Aguardó un buen rato y ya estaba pensando si insistir, pero sabía que el apartamento no era muy grande y que lo habrían oído a la perfección. Por fin oyó unos pasos que se acercaban.

Patrik se llevó un susto cuando se abrió la puerta. Desde luego, Martin estaba enfermo. Iba sin afeitar, despeinado, y olía un poco a sudor, pero sobre todo, tenía la mirada muerta y estaba irreconocible.

–Ah, eres tú –dijo.

–¿Puedo pasar?

Martin se encogió de hombros, se dio la vuelta y entró en casa.

–¿Pia está trabajando? –dijo Patrik mirando a su alrededor.

–No. –Martin se había parado delante de la puerta del balcón de la sala de estar y se quedó allí mirando por los cristales.

Patrik frunció el ceño.

–¿Estás enfermo?

–Estoy de baja por enfermedad, ¿no? ¿Es que no te lo ha dicho Annika? –respondió con tono irascible, y se volvió hacia Patrik–. Pero igual quieres un certificado médico. ¿Has venido para comprobar que no estoy mintiendo y que, en realidad, me dedico a tomar el sol en la playa?

Por lo general, Martin era la persona más tranquila y bondadosa que conocía.
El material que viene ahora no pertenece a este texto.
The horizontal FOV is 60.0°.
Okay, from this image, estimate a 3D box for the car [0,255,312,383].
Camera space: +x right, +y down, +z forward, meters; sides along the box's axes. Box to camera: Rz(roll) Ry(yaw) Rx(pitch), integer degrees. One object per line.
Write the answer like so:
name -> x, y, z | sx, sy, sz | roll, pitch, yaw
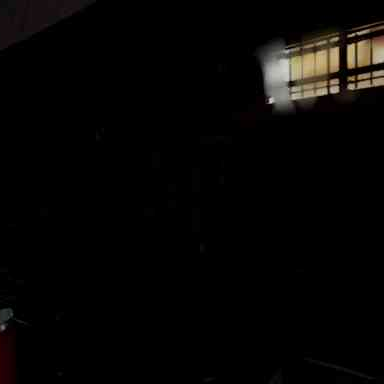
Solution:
car -> -0.971, 1.428, 3.575 | 4.097, 1.590, 1.967 | 0, 0, 35
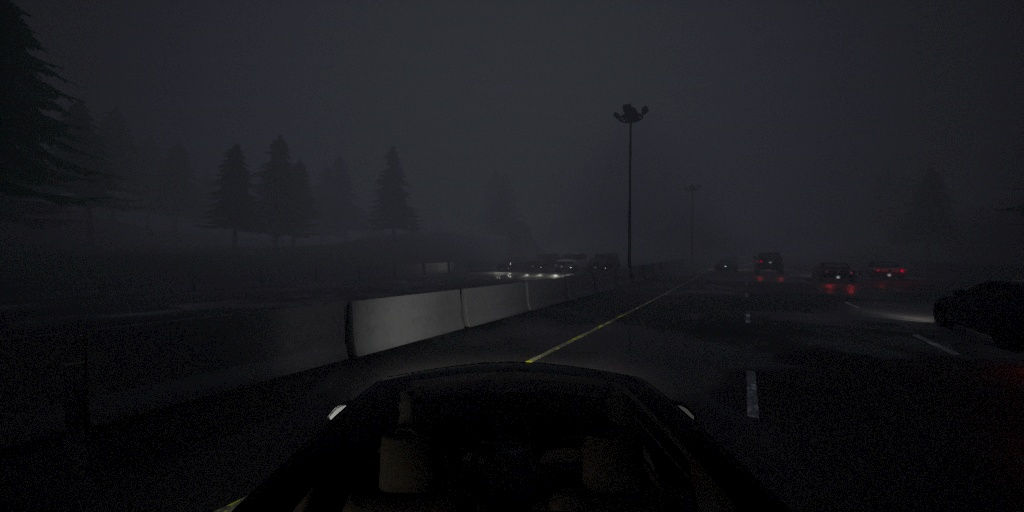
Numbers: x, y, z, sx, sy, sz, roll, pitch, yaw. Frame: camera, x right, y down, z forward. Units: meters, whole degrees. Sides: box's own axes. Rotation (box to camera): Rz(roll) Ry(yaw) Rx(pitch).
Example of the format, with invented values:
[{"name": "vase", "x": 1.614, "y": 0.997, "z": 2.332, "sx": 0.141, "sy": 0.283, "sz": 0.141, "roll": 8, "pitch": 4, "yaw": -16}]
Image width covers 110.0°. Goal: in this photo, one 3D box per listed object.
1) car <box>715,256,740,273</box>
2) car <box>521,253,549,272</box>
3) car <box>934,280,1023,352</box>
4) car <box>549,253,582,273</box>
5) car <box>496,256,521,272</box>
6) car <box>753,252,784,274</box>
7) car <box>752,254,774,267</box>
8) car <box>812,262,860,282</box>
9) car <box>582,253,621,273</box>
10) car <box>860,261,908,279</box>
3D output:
[{"name": "car", "x": 22.117, "y": 0.956, "z": 36.981, "sx": 1.994, "sy": 1.385, "sz": 4.181, "roll": 0, "pitch": 1, "yaw": 33}, {"name": "car", "x": 3.712, "y": 0.708, "z": 40.943, "sx": 2.150, "sy": 2.045, "sz": 5.566, "roll": 0, "pitch": 1, "yaw": 33}, {"name": "car", "x": 11.765, "y": 1.259, "z": 8.142, "sx": 1.812, "sy": 1.442, "sz": 4.674, "roll": 0, "pitch": 0, "yaw": 33}, {"name": "car", "x": 6.555, "y": 0.702, "z": 38.897, "sx": 2.150, "sy": 2.045, "sz": 5.566, "roll": 0, "pitch": 1, "yaw": 33}, {"name": "car", "x": 0.094, "y": 0.857, "z": 41.820, "sx": 2.097, "sy": 1.767, "sz": 4.553, "roll": 0, "pitch": 1, "yaw": 33}, {"name": "car", "x": 24.676, "y": 0.628, "z": 34.490, "sx": 2.150, "sy": 2.045, "sz": 5.566, "roll": 0, "pitch": 1, "yaw": 33}, {"name": "car", "x": 32.800, "y": 0.583, "z": 47.011, "sx": 2.128, "sy": 1.511, "sz": 4.902, "roll": 0, "pitch": 1, "yaw": 32}, {"name": "car", "x": 23.739, "y": 1.125, "z": 26.613, "sx": 1.895, "sy": 1.301, "sz": 4.718, "roll": 0, "pitch": 1, "yaw": 33}, {"name": "car", "x": 9.618, "y": 0.711, "z": 37.184, "sx": 2.150, "sy": 2.045, "sz": 5.566, "roll": 0, "pitch": 1, "yaw": 33}, {"name": "car", "x": 28.921, "y": 1.064, "z": 28.171, "sx": 1.895, "sy": 1.301, "sz": 4.718, "roll": 0, "pitch": 1, "yaw": 33}]
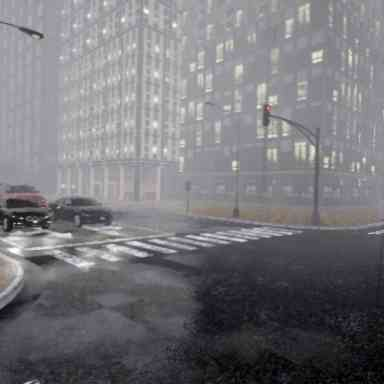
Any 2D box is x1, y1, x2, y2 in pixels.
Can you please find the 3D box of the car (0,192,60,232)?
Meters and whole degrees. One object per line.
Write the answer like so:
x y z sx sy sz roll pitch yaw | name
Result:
-8.527 0.976 16.230 1.837 1.490 4.892 1 1 -45 | car

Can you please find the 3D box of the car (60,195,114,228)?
-6.257 0.989 18.558 1.882 1.535 5.008 1 1 -45 | car

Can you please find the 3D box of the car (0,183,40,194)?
-13.241 0.416 25.603 5.566 2.045 2.150 3 1 45 | car

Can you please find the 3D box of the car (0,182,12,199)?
-24.974 -0.195 42.350 2.150 2.045 5.566 1 1 -45 | car
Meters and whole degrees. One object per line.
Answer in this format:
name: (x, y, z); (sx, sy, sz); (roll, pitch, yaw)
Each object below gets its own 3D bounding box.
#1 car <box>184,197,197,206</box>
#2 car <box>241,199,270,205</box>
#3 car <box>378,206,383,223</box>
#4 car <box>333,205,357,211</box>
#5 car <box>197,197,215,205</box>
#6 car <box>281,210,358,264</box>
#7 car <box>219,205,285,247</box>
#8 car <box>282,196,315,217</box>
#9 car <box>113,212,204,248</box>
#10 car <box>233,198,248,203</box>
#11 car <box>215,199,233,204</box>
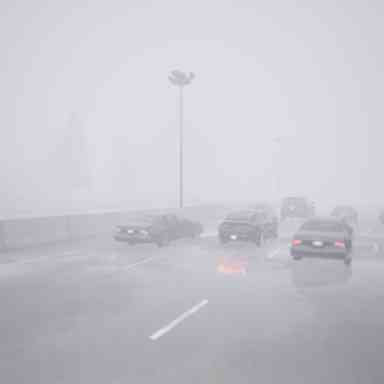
car: (0.173, 1.705, 65.334); (2.097, 1.767, 4.553); (0, 0, 27)
car: (6.421, 1.679, 30.797); (1.837, 1.490, 4.892); (0, 0, 27)
car: (16.106, 1.686, 26.674); (1.812, 1.442, 4.674); (0, 0, 27)
car: (12.737, 1.728, 27.772); (1.994, 1.385, 4.181); (0, 0, 27)
car: (3.277, 1.948, 63.716); (1.895, 1.301, 4.718); (0, 0, 27)
car: (4.940, 1.620, 12.293); (2.033, 1.411, 5.357); (0, 0, 27)
car: (2.824, 1.595, 15.826); (1.837, 1.490, 4.892); (0, 0, 27)
car: (9.019, 1.385, 28.198); (2.150, 2.045, 5.566); (0, 0, 27)
car: (-1.309, 1.630, 15.447); (2.033, 1.411, 5.357); (0, 0, 27)
car: (9.547, 1.863, 60.642); (1.812, 1.442, 4.674); (0, 0, 27)
car: (6.426, 1.906, 62.217); (1.994, 1.385, 4.181); (0, 0, 27)
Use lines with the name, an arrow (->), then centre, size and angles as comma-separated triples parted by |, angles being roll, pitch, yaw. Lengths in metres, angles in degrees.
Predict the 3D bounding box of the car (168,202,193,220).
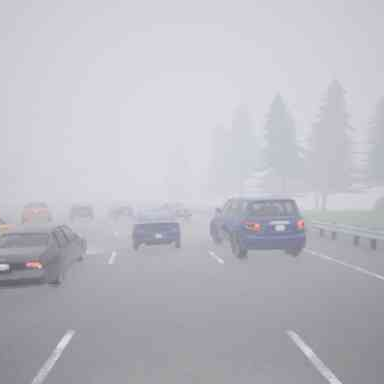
car -> -1.589, 1.558, 27.669 | 2.033, 1.411, 5.357 | -1, 0, -20

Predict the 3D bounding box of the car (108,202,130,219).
car -> -6.664, 1.635, 31.075 | 1.812, 1.442, 4.674 | -1, 0, -23

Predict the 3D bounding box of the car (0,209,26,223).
car -> -8.549, 1.638, 13.339 | 1.882, 1.535, 5.008 | -1, -1, -12

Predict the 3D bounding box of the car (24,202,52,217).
car -> -12.917, 1.587, 27.852 | 2.097, 1.767, 4.553 | -1, 0, -22

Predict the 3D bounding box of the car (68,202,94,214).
car -> -10.241, 1.658, 30.556 | 1.882, 1.535, 5.008 | -1, 0, -23

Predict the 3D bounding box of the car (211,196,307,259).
car -> 2.255, 1.169, 12.692 | 2.150, 2.045, 5.566 | -1, 0, -9

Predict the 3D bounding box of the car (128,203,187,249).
car -> -1.722, 1.501, 14.838 | 1.882, 1.535, 5.008 | -1, 0, -11

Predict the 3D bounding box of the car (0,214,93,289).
car -> -4.318, 1.626, 9.456 | 2.033, 1.411, 5.357 | -1, 0, -8
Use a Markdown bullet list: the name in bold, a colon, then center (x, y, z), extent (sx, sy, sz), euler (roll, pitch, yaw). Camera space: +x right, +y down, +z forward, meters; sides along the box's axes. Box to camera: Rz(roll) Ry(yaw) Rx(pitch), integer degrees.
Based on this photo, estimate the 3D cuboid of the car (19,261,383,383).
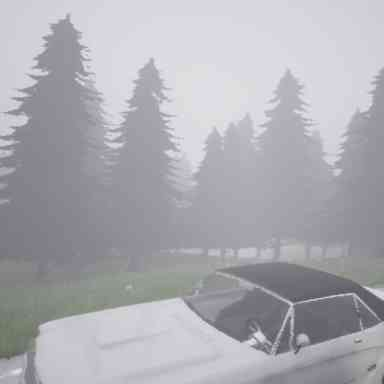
- **car**: center (0.710, 1.587, 3.736), extent (4.718, 1.301, 1.895), euler (1, 0, -28)
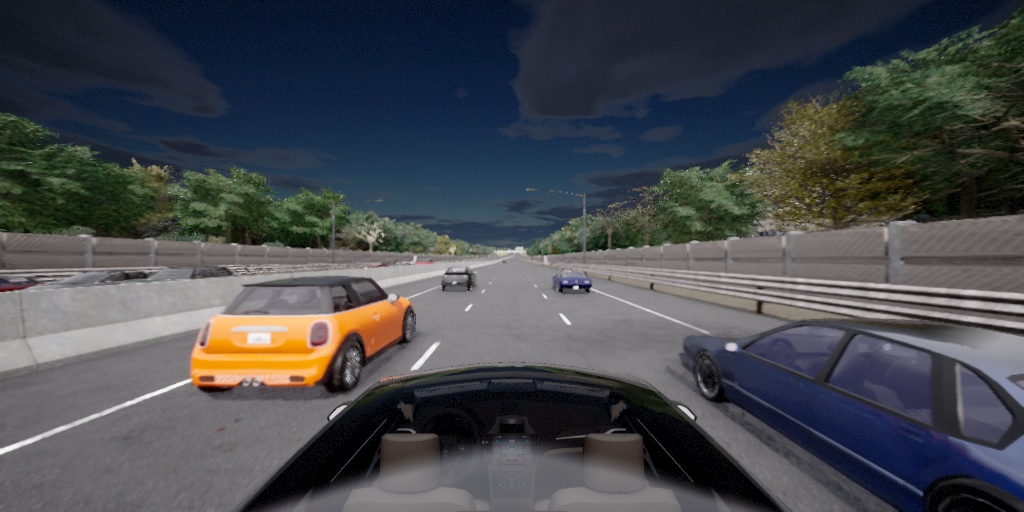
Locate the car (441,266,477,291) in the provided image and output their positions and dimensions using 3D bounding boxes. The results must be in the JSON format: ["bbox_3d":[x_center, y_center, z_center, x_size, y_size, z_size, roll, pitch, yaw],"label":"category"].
[{"bbox_3d":[-3.407,1.417,23.677,2.128,1.511,4.902,0,0,0],"label":"car"}]

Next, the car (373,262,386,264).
[{"bbox_3d":[-21.052,1.685,56.612,1.882,1.535,5.008,0,-1,1],"label":"car"}]

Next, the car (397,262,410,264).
[{"bbox_3d":[-17.546,1.710,57.659,2.128,1.511,4.902,0,-1,1],"label":"car"}]

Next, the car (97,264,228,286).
[{"bbox_3d":[-14.102,1.210,15.459,2.097,1.767,4.553,0,0,0],"label":"car"}]

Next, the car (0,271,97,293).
[{"bbox_3d":[-17.602,1.363,15.491,1.837,1.490,4.892,0,0,0],"label":"car"}]

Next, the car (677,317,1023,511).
[{"bbox_3d":[3.598,1.310,3.348,2.033,1.411,5.357,0,0,0],"label":"car"}]

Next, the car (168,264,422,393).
[{"bbox_3d":[-3.404,1.143,6.954,2.097,1.767,4.553,0,0,0],"label":"car"}]

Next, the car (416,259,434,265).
[{"bbox_3d":[-14.044,1.434,57.837,2.150,2.045,5.566,0,-1,1],"label":"car"}]

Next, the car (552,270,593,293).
[{"bbox_3d":[3.593,1.515,22.349,1.895,1.301,4.718,0,0,0],"label":"car"}]

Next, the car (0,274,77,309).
[{"bbox_3d":[-21.103,1.449,14.232,1.895,1.301,4.718,0,0,0],"label":"car"}]
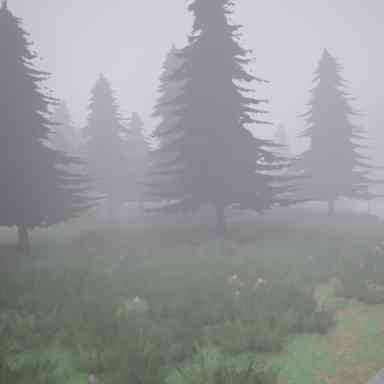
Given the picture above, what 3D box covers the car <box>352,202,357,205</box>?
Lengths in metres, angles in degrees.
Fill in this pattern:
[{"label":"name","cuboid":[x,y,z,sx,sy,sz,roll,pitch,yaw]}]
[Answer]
[{"label":"car","cuboid":[21.818,0.859,49.477,2.150,2.045,5.566,-4,4,-19]}]
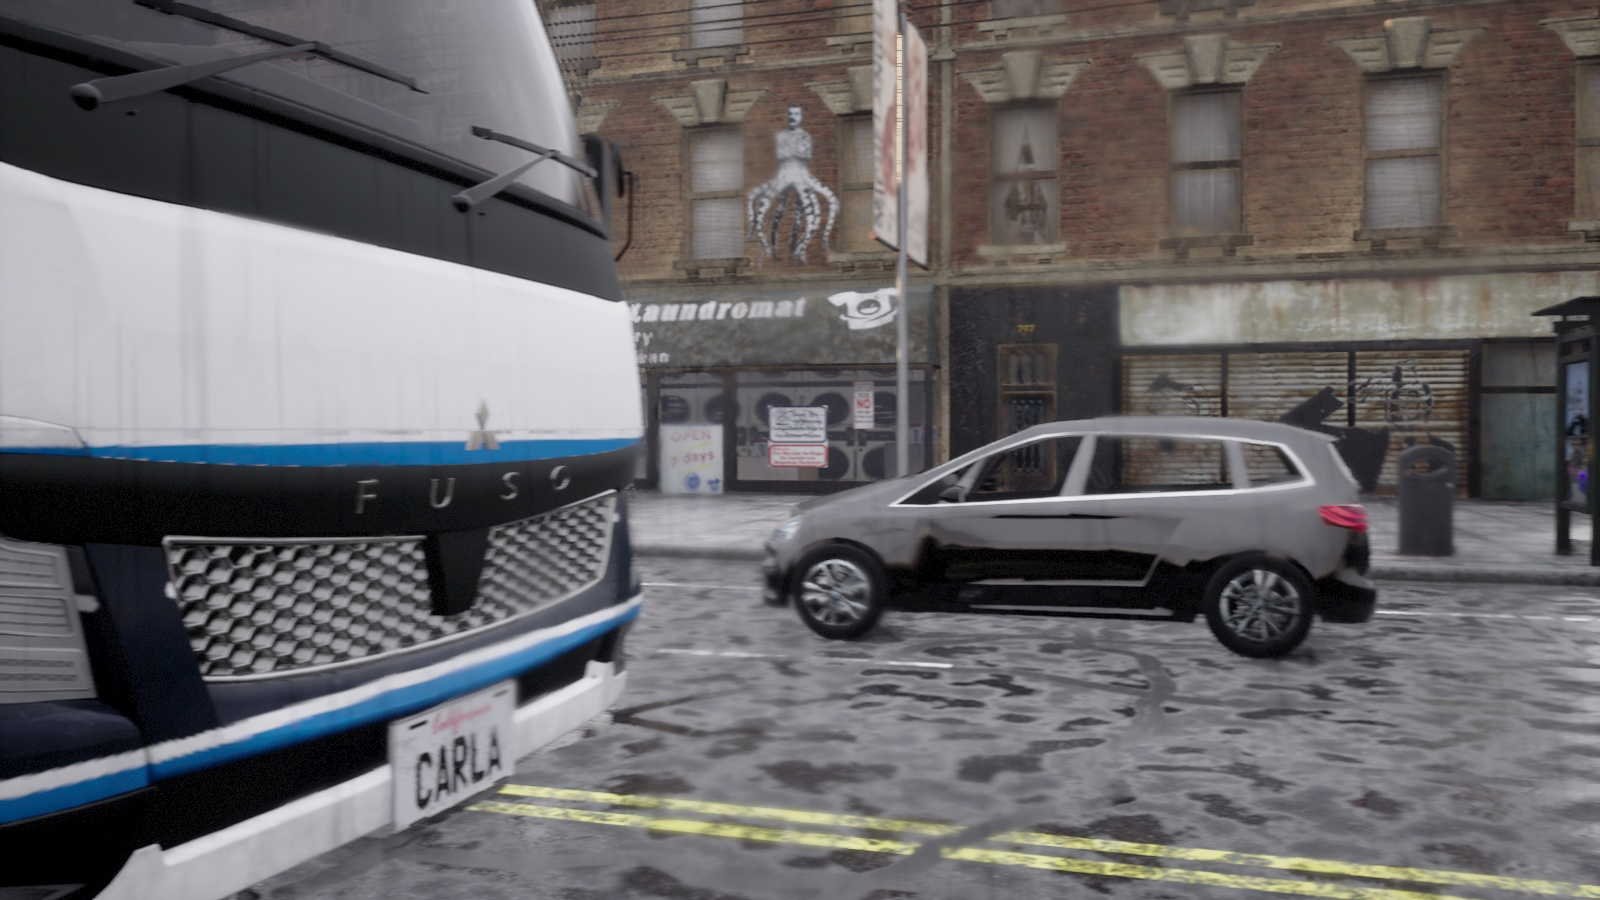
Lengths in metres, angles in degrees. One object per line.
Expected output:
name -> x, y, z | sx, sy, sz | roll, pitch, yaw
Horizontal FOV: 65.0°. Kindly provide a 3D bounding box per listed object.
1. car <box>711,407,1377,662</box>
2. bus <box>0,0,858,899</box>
car -> 1.855, 0.517, 9.924 | 4.611, 1.667, 2.242 | 1, 1, 16
bus -> -5.257, -0.662, 4.898 | 10.273, 4.253, 3.944 | 1, 1, 17
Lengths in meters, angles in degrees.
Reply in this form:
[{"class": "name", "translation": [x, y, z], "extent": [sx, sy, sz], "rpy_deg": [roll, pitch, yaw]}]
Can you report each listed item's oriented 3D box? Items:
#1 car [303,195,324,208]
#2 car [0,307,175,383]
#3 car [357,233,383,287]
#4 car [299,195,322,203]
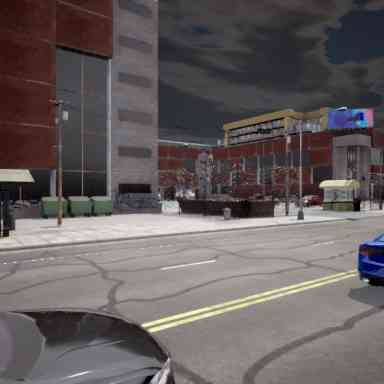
[{"class": "car", "translation": [16.677, 1.254, 47.155], "extent": [4.553, 1.767, 2.185], "rpy_deg": [0, 0, -36]}, {"class": "car", "translation": [-2.363, 1.491, 2.061], "extent": [4.902, 1.511, 2.128], "rpy_deg": [0, 0, -36]}, {"class": "car", "translation": [6.057, 1.478, 8.134], "extent": [5.008, 1.535, 1.882], "rpy_deg": [0, 0, -35]}, {"class": "car", "translation": [23.565, 1.420, 66.224], "extent": [4.674, 1.452, 2.002], "rpy_deg": [0, 0, -36]}]
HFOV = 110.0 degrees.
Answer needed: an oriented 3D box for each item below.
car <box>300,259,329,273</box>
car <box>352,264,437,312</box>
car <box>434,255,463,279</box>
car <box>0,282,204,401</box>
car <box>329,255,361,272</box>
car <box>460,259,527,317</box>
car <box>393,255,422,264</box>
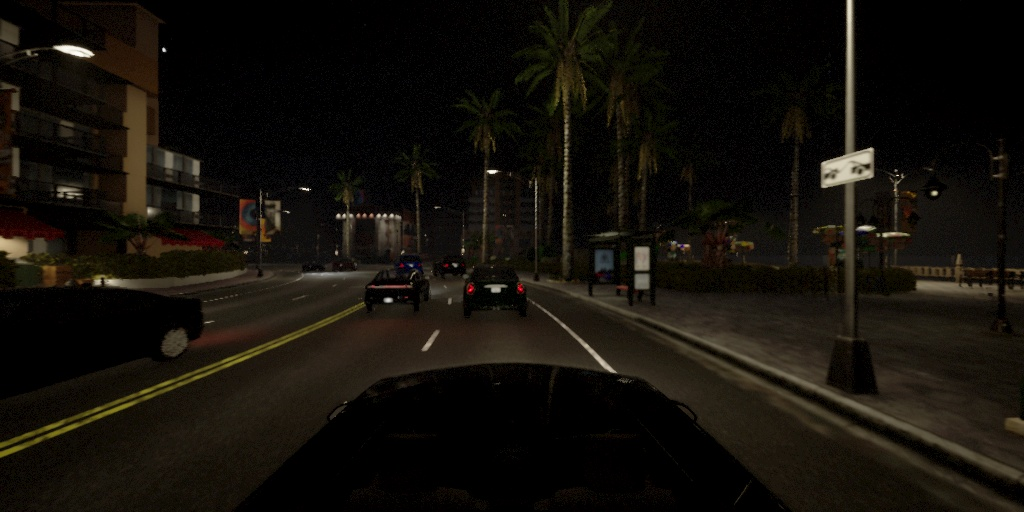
[{"bbox_3d":[-23.908,1.301,43.260,1.895,1.301,4.718,0,0,-38],"label":"car"},{"bbox_3d":[-4.349,1.226,14.114,2.128,1.511,4.902,0,0,-7],"label":"car"},{"bbox_3d":[-5.769,0.934,32.678,2.150,2.045,5.566,0,0,-22],"label":"car"},{"bbox_3d":[-7.294,1.223,5.362,1.882,1.535,5.008,0,0,-3],"label":"car"},{"bbox_3d":[-20.957,1.049,44.937,2.097,1.767,4.553,0,0,-38],"label":"car"},{"bbox_3d":[-0.760,1.088,13.364,2.097,1.767,4.553,0,0,-7],"label":"car"},{"bbox_3d":[-9.495,0.934,32.558,2.150,2.045,5.566,0,0,-22],"label":"car"}]
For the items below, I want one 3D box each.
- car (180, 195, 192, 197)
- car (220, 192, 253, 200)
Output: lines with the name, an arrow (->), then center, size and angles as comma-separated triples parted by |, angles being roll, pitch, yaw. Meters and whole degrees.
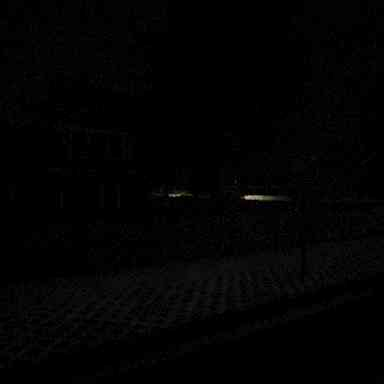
car -> -1.262, 1.201, 53.175 | 1.882, 1.535, 5.008 | 0, 0, -34
car -> 4.893, 1.067, 38.901 | 2.150, 2.045, 5.566 | 0, 0, -34
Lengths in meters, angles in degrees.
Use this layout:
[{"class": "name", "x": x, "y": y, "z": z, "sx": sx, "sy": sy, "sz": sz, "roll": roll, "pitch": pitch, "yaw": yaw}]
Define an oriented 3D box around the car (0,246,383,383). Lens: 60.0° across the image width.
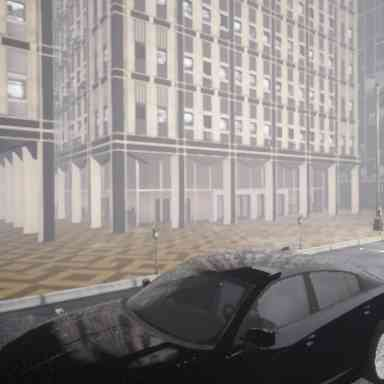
[{"class": "car", "x": 0.532, "y": 1.460, "z": 3.758, "sx": 5.008, "sy": 1.535, "sz": 1.882, "roll": 0, "pitch": 0, "yaw": -35}]
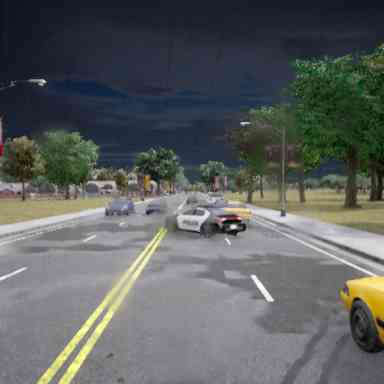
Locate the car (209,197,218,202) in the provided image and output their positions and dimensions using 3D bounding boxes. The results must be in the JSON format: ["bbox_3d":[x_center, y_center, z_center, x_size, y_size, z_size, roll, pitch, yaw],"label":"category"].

Jamás lo había visto reaccionar de forma tan violenta, y notó que su preocupación iba en aumento. Era obvio que algo iba mal.

–Ven, vamos a sentarnos –le dijo, y señaló la cocina.

La ira de Martin se extinguió igual que había estallado y recuperó la mirada mortecina de hacía un instante. Asintió sin ganas y echó a andar detrás de Patrik. Se sentaron a la mesa. Patrik lo miró inquieto.

–¿Qué ha pasado?

Estuvieron unos minutos en silencio.

–Pia se va a morir –dijo Martin, y bajó la vista hacia la mesa.

Aquello era incomprensible y Patrik no quiso dar crédito a lo que acababa de oír.

–Pero ¿qué dices?

–Empezó el tratamiento anteayer. Al parecer, tuvo suerte de que la admitieran tan rápido.